# DATA
--------------------------------------------------

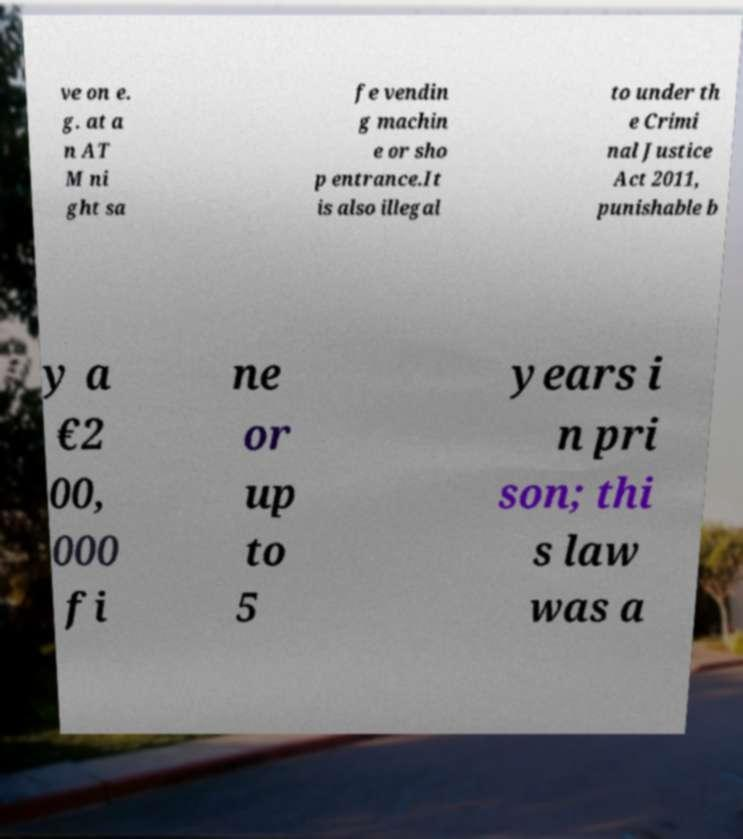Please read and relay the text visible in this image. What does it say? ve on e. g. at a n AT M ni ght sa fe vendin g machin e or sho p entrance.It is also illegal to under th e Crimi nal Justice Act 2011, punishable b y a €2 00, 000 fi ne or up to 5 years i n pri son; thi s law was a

--------------------------------------------------

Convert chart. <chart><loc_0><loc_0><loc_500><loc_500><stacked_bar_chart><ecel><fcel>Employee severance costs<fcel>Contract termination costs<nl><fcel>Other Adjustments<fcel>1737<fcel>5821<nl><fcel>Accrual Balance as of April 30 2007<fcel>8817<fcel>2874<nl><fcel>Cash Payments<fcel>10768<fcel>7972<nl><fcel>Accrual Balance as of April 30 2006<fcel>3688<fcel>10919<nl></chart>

--------------------------------------------------

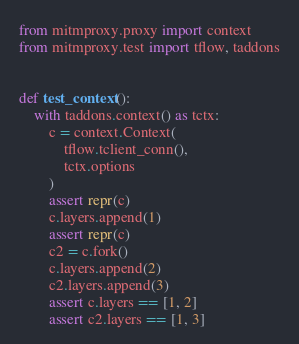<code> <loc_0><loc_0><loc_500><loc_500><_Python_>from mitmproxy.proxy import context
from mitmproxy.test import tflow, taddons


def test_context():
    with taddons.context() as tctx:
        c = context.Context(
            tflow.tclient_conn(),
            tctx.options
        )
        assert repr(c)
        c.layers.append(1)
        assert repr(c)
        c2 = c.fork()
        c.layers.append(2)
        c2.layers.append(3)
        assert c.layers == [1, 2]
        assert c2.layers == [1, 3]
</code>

--------------------------------------------------

# PROBLEM
Within the data, how many lines hold "tctx"? Respond with only the number.

# WORKED SOLUTION
2